───── EXCERPTED DATA

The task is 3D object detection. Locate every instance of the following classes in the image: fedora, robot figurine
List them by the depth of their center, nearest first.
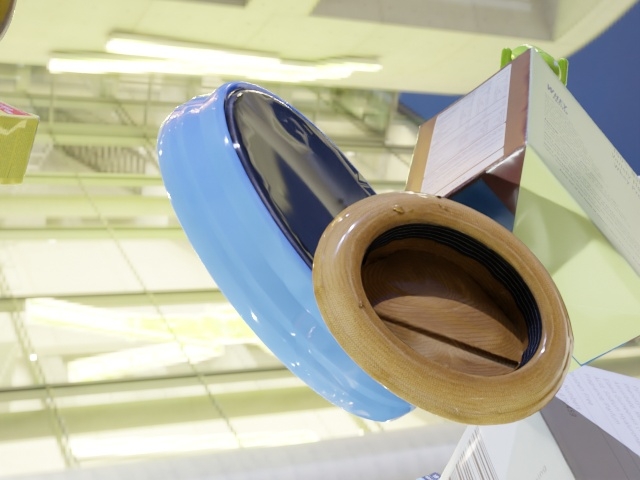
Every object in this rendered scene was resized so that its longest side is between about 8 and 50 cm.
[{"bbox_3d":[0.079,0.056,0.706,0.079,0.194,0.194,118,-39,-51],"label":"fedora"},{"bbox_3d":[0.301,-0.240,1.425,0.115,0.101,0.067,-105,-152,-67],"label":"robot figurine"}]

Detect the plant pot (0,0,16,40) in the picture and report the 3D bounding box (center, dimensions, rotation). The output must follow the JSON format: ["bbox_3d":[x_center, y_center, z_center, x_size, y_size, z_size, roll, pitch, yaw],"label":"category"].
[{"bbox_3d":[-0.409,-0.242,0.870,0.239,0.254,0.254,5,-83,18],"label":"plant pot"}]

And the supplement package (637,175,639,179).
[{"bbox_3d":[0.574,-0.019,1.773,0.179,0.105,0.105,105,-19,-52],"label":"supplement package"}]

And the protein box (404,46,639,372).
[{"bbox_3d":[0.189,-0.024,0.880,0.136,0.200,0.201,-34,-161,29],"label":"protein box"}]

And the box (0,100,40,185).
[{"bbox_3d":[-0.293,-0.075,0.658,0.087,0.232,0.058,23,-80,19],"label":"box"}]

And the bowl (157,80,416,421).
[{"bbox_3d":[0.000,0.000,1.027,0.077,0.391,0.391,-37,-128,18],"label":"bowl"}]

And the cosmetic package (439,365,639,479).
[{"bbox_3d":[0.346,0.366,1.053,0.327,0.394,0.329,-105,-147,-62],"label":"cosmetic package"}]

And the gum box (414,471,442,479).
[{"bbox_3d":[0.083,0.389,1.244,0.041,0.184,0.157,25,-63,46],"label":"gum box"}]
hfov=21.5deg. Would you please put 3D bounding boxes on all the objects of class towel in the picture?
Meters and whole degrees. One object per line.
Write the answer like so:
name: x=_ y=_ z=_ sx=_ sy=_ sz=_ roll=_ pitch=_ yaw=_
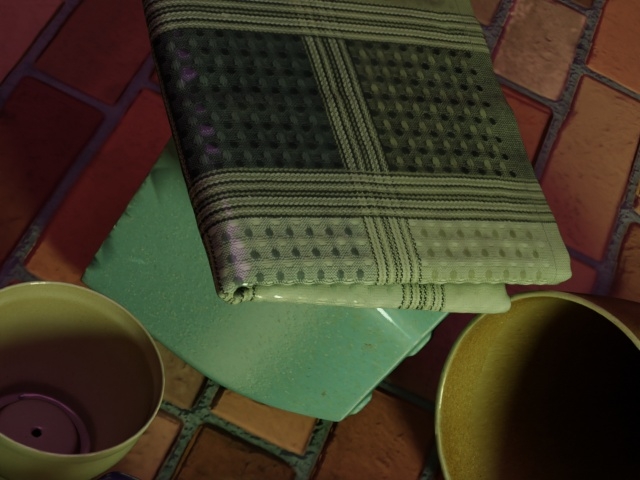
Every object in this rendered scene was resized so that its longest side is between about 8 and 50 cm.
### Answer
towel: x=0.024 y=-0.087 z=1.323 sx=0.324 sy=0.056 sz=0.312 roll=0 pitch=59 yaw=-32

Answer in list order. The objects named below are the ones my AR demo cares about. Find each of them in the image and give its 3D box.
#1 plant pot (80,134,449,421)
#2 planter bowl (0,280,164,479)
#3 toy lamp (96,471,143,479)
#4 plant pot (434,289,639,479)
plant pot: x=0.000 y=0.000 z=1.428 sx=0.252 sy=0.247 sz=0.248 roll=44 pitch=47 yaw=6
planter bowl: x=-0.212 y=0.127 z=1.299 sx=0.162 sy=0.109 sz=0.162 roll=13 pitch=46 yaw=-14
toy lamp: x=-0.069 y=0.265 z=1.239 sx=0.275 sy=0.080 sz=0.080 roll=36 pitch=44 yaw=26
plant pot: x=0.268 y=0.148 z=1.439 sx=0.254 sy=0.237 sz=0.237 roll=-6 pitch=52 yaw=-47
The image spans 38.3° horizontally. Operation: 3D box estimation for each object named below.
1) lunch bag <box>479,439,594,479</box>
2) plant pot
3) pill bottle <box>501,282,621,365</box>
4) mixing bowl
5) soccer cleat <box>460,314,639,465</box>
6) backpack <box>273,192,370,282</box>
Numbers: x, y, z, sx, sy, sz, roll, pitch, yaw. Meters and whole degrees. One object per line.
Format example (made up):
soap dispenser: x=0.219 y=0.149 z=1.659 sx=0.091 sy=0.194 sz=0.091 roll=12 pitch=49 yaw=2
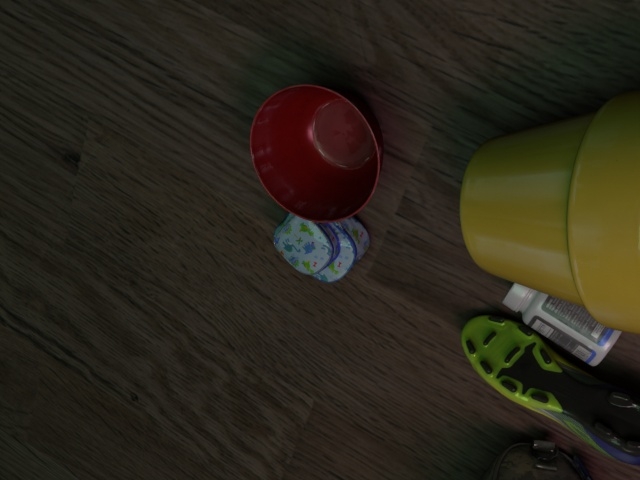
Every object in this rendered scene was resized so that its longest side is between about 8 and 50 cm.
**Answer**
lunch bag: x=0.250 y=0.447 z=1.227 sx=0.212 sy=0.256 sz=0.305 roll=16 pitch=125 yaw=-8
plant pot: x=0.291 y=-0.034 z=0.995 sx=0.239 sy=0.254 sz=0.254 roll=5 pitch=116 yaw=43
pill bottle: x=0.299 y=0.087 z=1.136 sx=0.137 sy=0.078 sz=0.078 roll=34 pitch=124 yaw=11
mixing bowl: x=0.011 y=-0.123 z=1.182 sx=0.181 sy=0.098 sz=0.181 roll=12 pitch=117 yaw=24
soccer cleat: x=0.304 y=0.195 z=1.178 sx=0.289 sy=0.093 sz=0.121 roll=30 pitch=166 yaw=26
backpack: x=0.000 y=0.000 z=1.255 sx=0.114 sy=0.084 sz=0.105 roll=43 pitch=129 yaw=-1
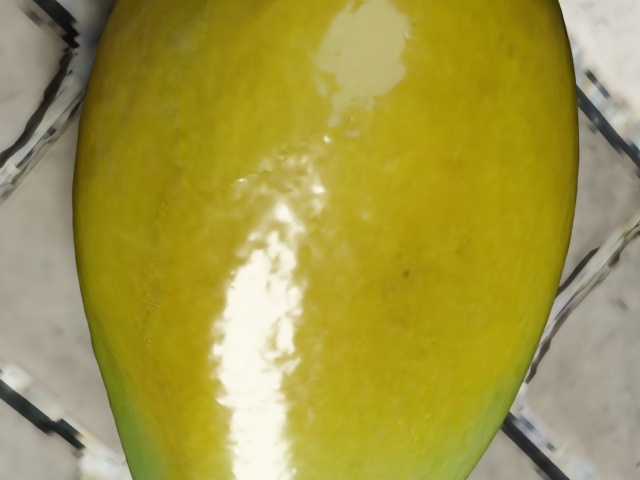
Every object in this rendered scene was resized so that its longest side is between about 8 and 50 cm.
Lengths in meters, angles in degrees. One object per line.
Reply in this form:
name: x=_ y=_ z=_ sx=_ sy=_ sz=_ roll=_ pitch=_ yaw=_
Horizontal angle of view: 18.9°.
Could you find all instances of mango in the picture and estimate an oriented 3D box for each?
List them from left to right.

──────────

◆ **TRY IT**
The answer should be an exact copy of the lines from the one containing "Reply in this" through the last line of the entries, both included.

◆ **TASK SOLUTION**
Reply in this form:
name: x=_ y=_ z=_ sx=_ sy=_ sz=_ roll=_ pitch=_ yaw=_
Horizontal angle of view: 18.9°.
Could you find all instances of mango in the picture and estimate an oriented 3D box for each?
List them from left to right.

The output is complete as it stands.